Join the Conversation

To sign in, use your existing MySonicWall account. To create a free MySonicWall account click "Register".

DoublePulsar was not recognized by SonicWall

DenDen Newbie ✭

Hello,

We had several hosts infected by DoublePulsar malware infection. The hosts were actively scanning the network but were not recognized by SonicWall alerts.

Maybe I need enable some additional settings?

And it would be goot to know - is it possible to get data about viruses alerts from sonicwall via SNMP?

NSA 2600 and NSA 3600 are using in our company.

Firmware Version: SonicOS Enhanced 6.5.3.2-14n

Signature database downloaded: UTC 05/29/2020


Thank you in advance.

Category: High End Firewalls
Reply

Answers

  • fmadiafmadia Moderator

    Hi @Den ,

    I'm sorry to hear that. So far the SonicWall should be able to recognize all the known DoublePulsar variants and with Capture ATP we should be able to detect most of the unknown as well.

    In order to understand better we should know more what type of services you have enabled on your firewall (i.e. Gateway AV, Capture ATP, etc.), whether DPI-SSL is enabled or not and what type of End-Point protection is applied (the threat could have been introduced also using a USB Key or from someone's laptop).

    Regarding SNMP, we have MIBs including all threats detected and prevented by our Security Services.

    Best option would be to open a Support ticket so our team can make sure everything is configured properly.

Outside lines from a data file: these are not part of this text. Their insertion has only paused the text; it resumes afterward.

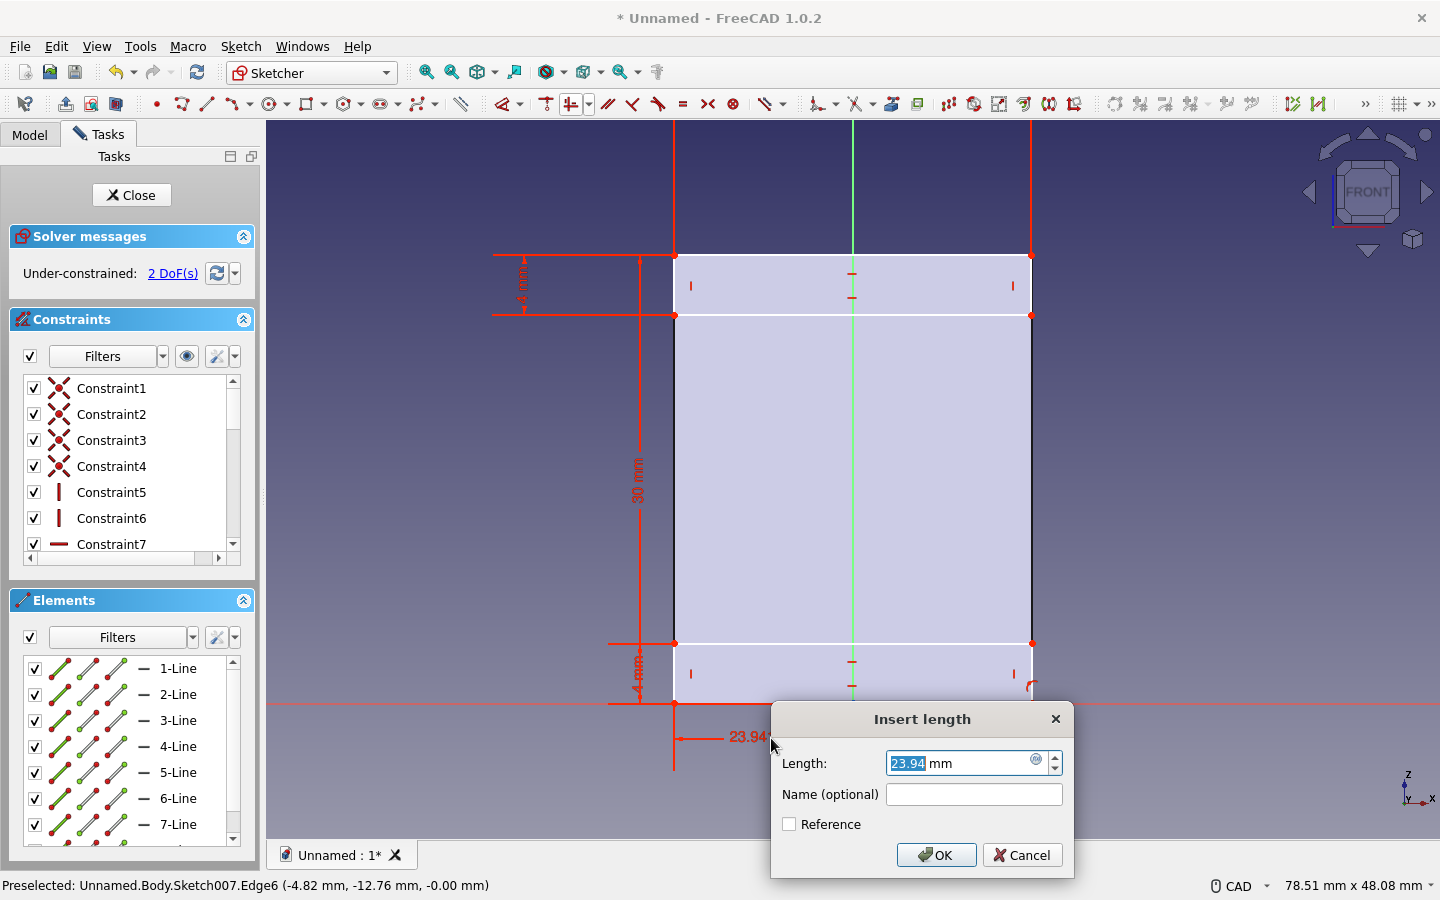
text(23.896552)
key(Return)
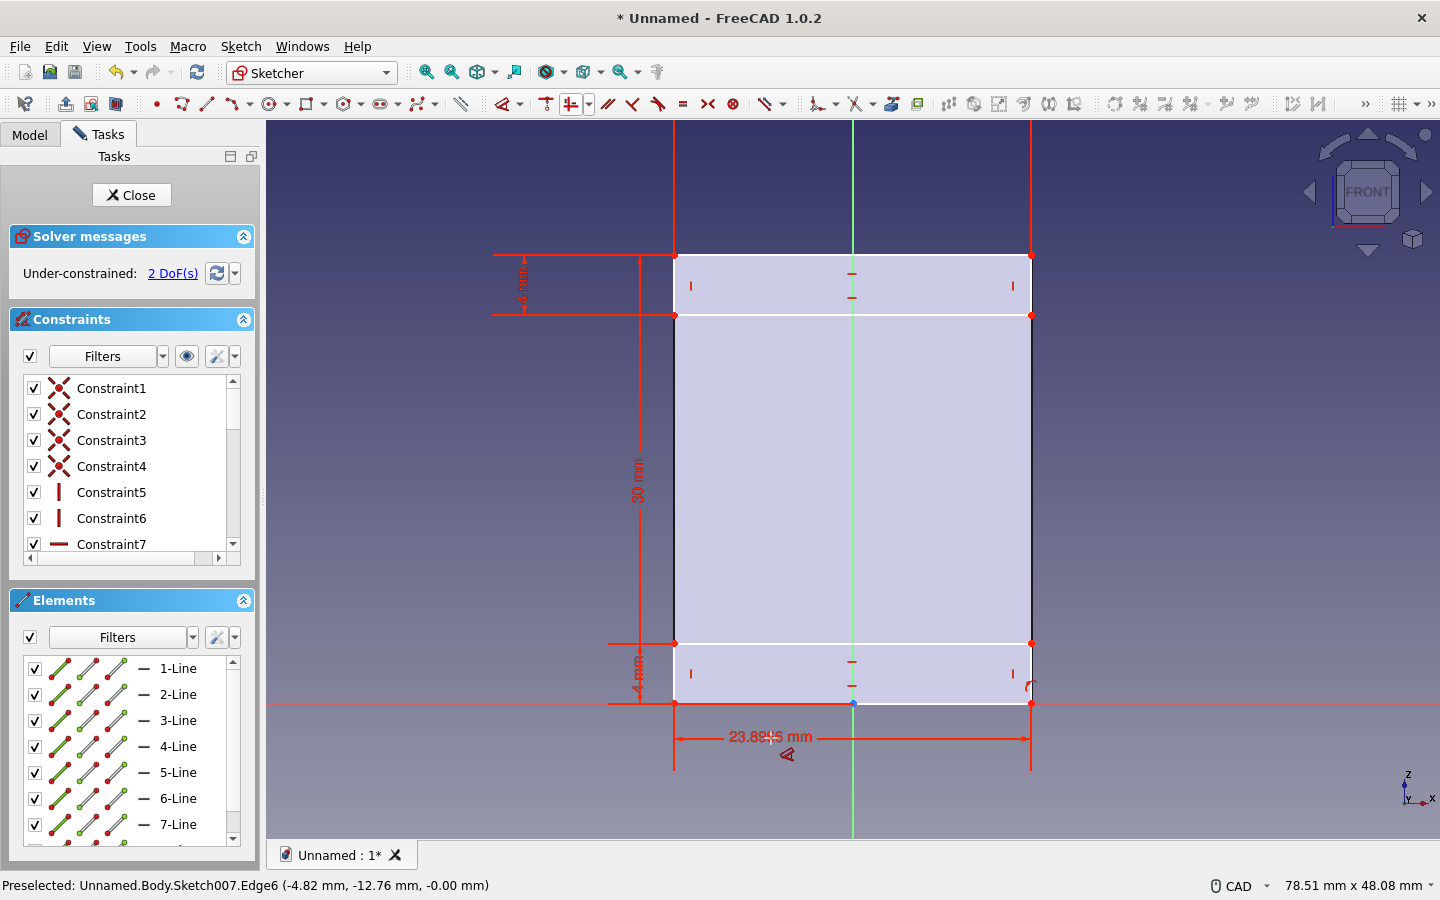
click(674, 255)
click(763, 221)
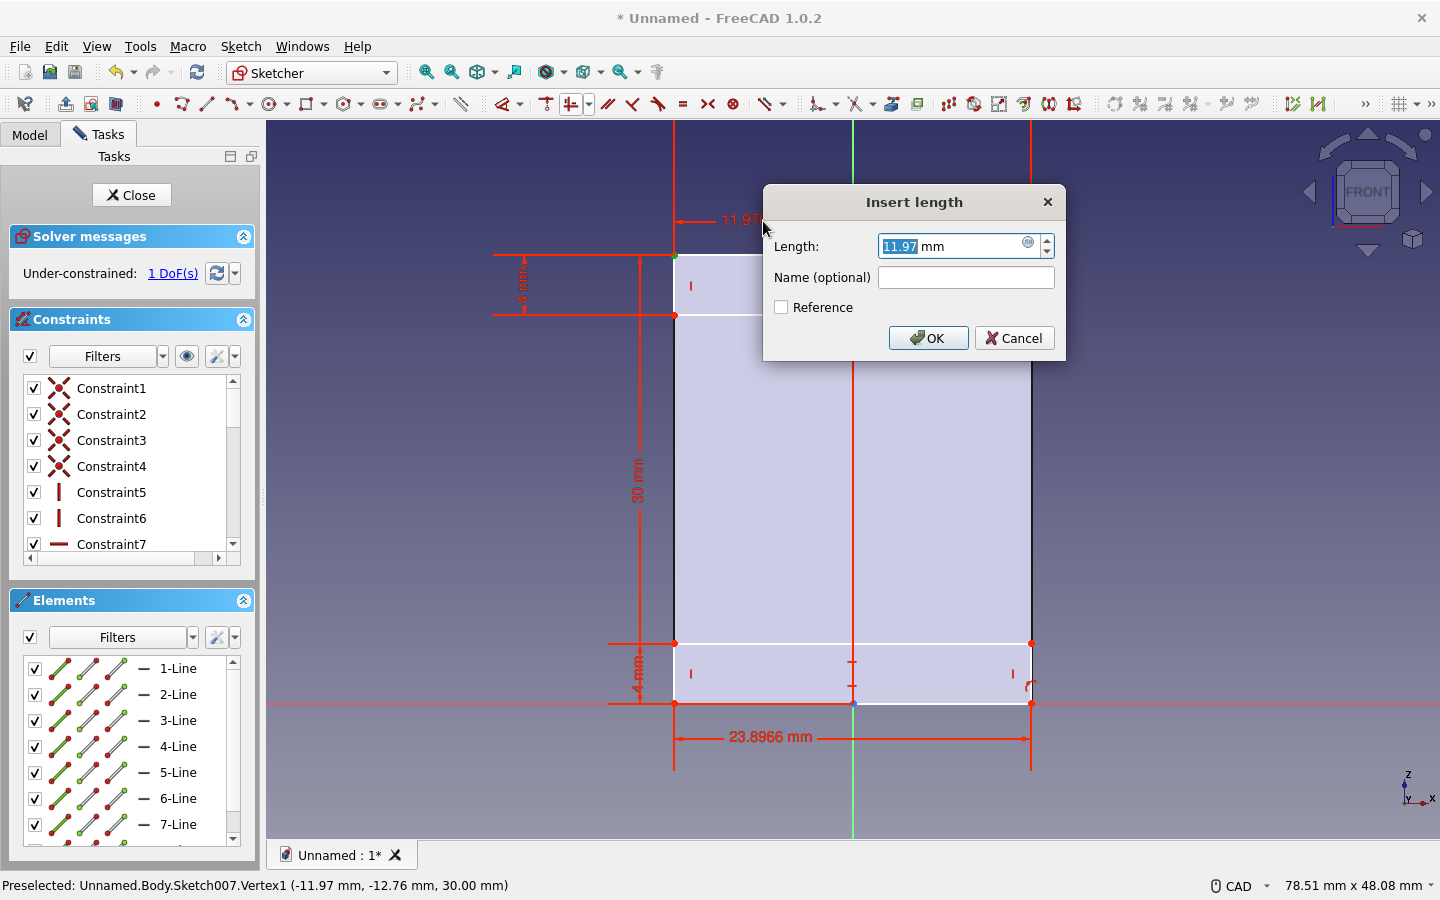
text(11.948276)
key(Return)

    Please do provide some more details here and I may be able to help you further.

  • DenDen Newbie ✭

    Hi @fmadia, thank you for your reply.

    DPI-SSL not activated(looks like it is license restriction). On hosts we have Symantec antivirus. Gateway Anti-Virus Global Settings you can find below:

    About MIBs - we have two monitoring systems Zabbix and PRTG and we want to monitor alerts regarding viruses in PRTG for example. Am I need to contact sonicwall support in this case?

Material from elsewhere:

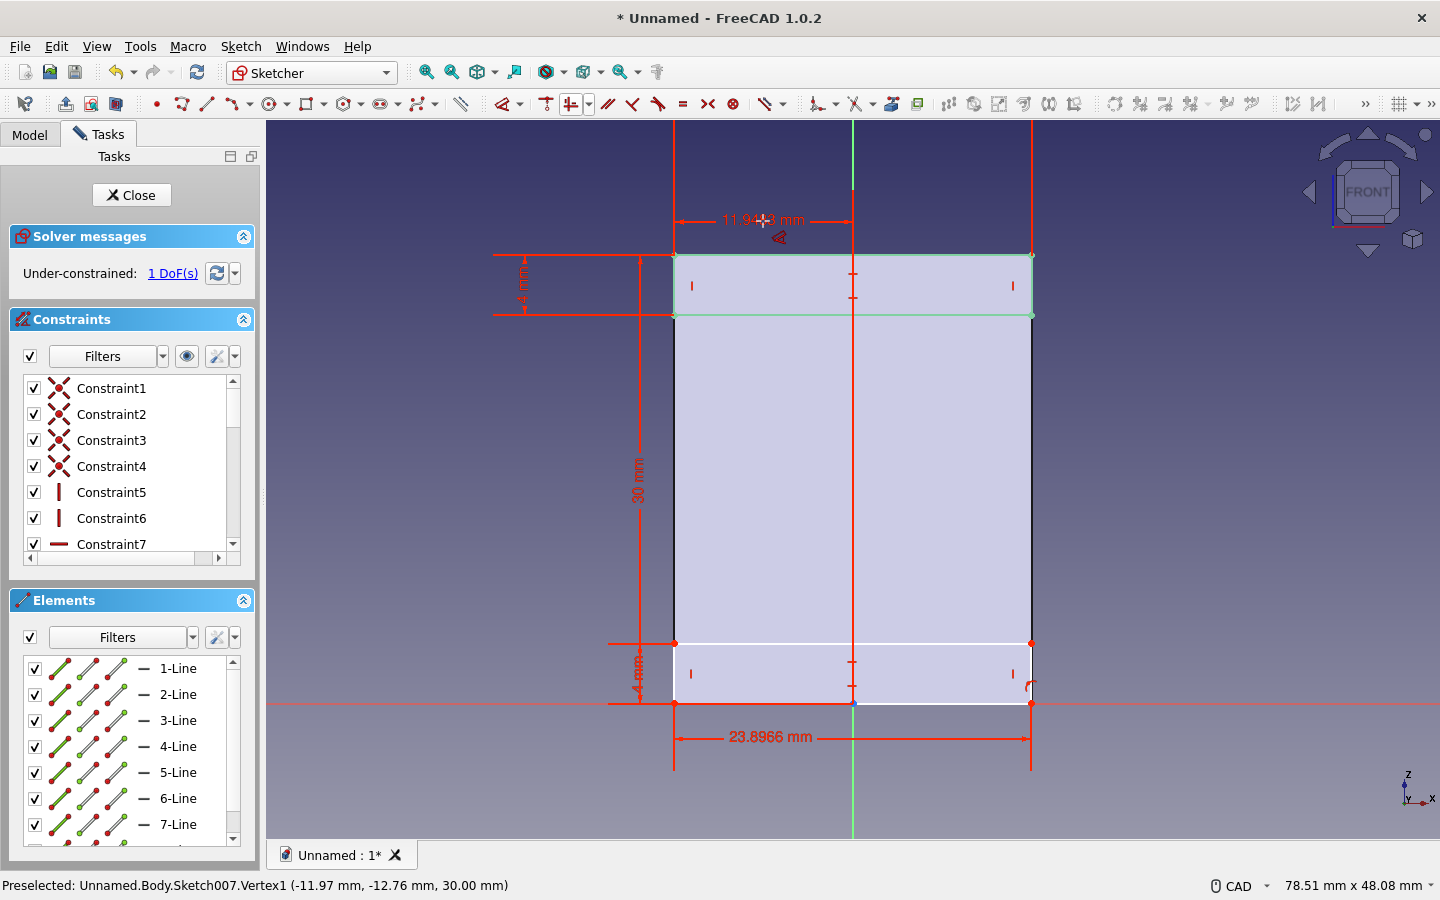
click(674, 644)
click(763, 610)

  • shiprasahu93shiprasahu93 Moderator
    edited June 1

    Hello @Den,

    I would just like to add that DPI SSL can be easily activated from mysonicwall.com and is no longer a purchased service for Gen 6 appliances.

    For the specific product you can activate it as below

    Thanks!

    Shipra Sahu

    Technical Support Advisor, Premier Services

  • fmadiafmadia Moderator

    Hi @Den,

    unfortunately most of the threats are delivered via encrypted connections so without DPI-SSL your SonicWall can't be effective and the threats will just pass the GAV without being recognized..

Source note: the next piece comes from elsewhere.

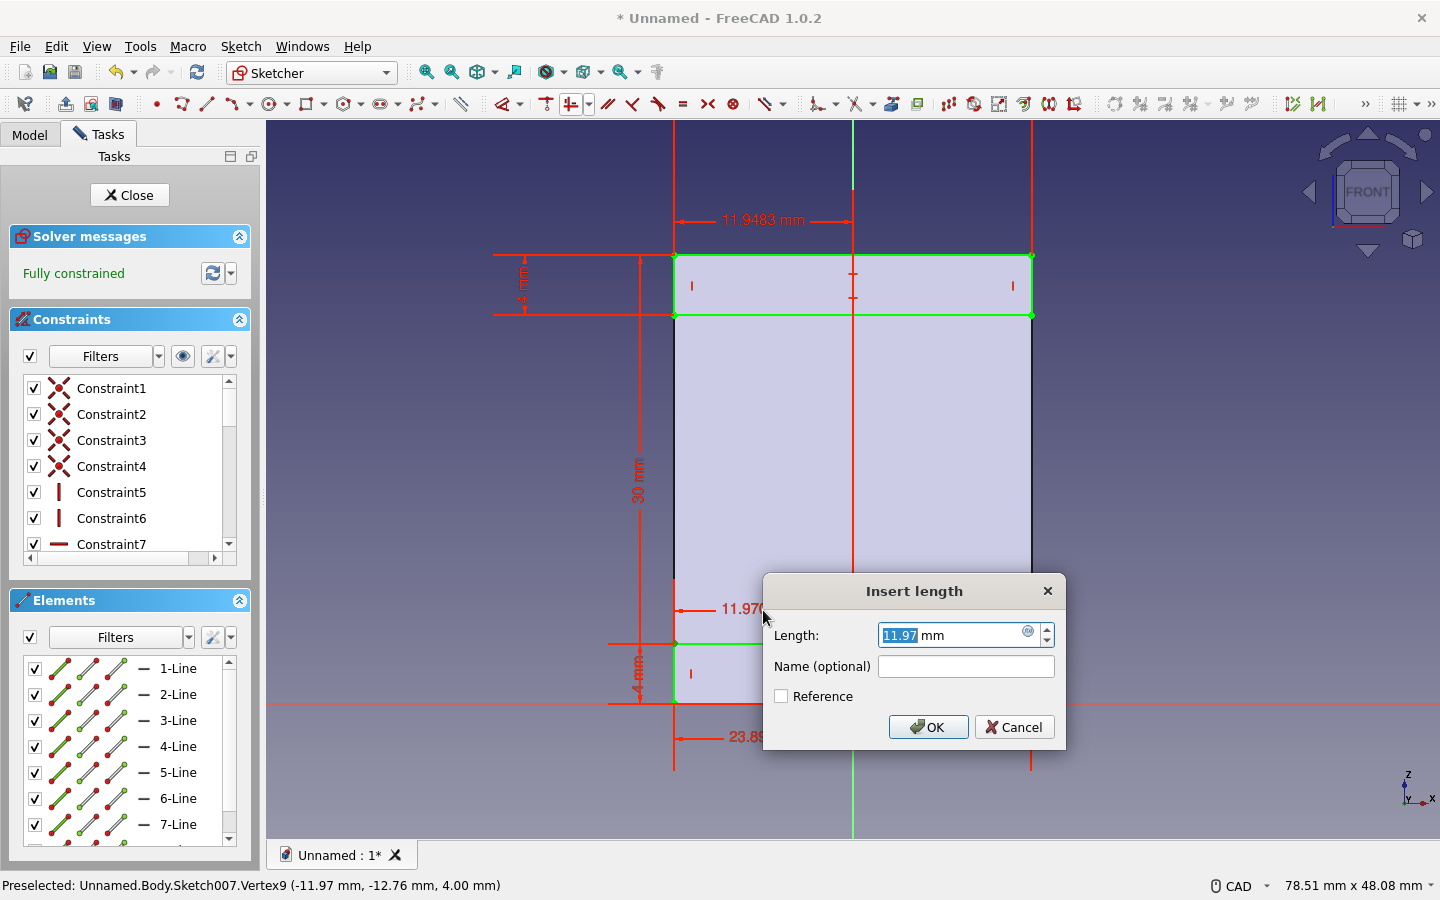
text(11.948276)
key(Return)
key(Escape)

    To be protected against known and unknown threats (even within encrypted communication), I would highly suggest you buy/enable DPI-SSL and Capture ATP. As mentioned by Shipra above, the DPI-SSL license can be easily activate on MySonicWall for Gen6 NSA appliances.

    You may want to take a look at the following KBs:

    For the best protection we do offer End-Point Protection too through our Capture Client if needed: https://www.sonicwall.com/products/firewalls/security-services/capture-client/

    Regarding SNMP, if you're not getting alerts even though it's all configured correctly (https://www.sonicwall.com/support/knowledge-base/configuring-snmp-in-sonicos/170505617080053/) I would suggest to contact our Support.

    Let me know if you need further information.

    Francesco

  • DenDen Newbie ✭

    @fmadia, perhaps I didn't make it clear - hosts inside the local network were infected, I.e. the data was transmitted without encryption.

    Example of log messages from sonicwall:

    May 15 20:02:14 lgb-sonicwall id=sonicwall sn=XXXXXXXXXXXX time="2020-05-15 20:02:14" fw=12.7.x.x pri=6 c=1024 m=537 msg="Connection Closed" app=5181 n=133774137 src=10.1.x.x:59866:X3-V99:host-1 dst=192.168.x.x:445:X3-V124 srcMac=00:01:e8:8b:03:16 dstMac=48:4d:7e:e9:10:23 proto=tcp/445 sent=275 rcvd=98 spkt=3 rpkt=2 rule="185 (DC->LAN)"

    May 15 20:02:24 lgb-sonicwall id=sonicwall sn=XXXXXXXXXXXX time="2020-05-15 20:02:24" fw=12.7.x.x pri=6 c=1024 m=537 msg="Connection Closed" app=5181 n=133774328 src=10.1.x.x:59867:X3-V99:host-1 dst=192.168.x.x:445:X3-V124 srcMac=00:01:e8:8b:03:16 dstMac=f8:b1:56:af:ee:8c proto=tcp/445 sent=715 rcvd=520 spkt=6 rpkt=5 rule="185 (DC->LAN)"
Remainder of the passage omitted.